* _Task instructions_
Reproduce exactly the final portion of the data: every line from the one containing "Use one line" through the last line, inclusive.

* _Supplied information_
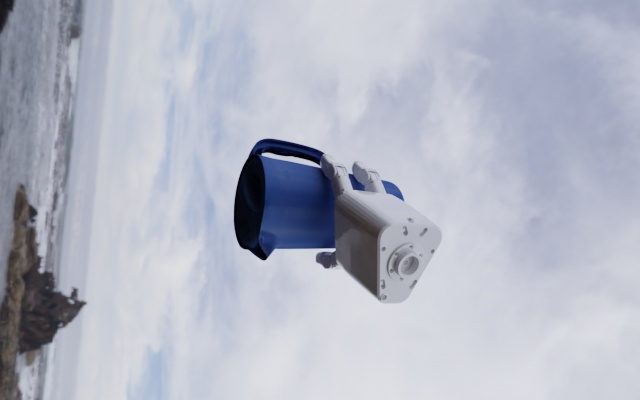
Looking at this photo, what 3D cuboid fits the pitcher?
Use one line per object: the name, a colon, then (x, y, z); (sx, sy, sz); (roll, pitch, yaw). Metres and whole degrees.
pitcher: (0.000, 0.002, 0.714); (0.243, 0.149, 0.145); (6, 15, -27)

* _Answer_
Use one line per object: the name, a colon, then (x, y, z); (sx, sy, sz); (roll, pitch, yaw). Metres and whole degrees.
pitcher: (0.000, 0.002, 0.714); (0.243, 0.149, 0.145); (6, 15, -27)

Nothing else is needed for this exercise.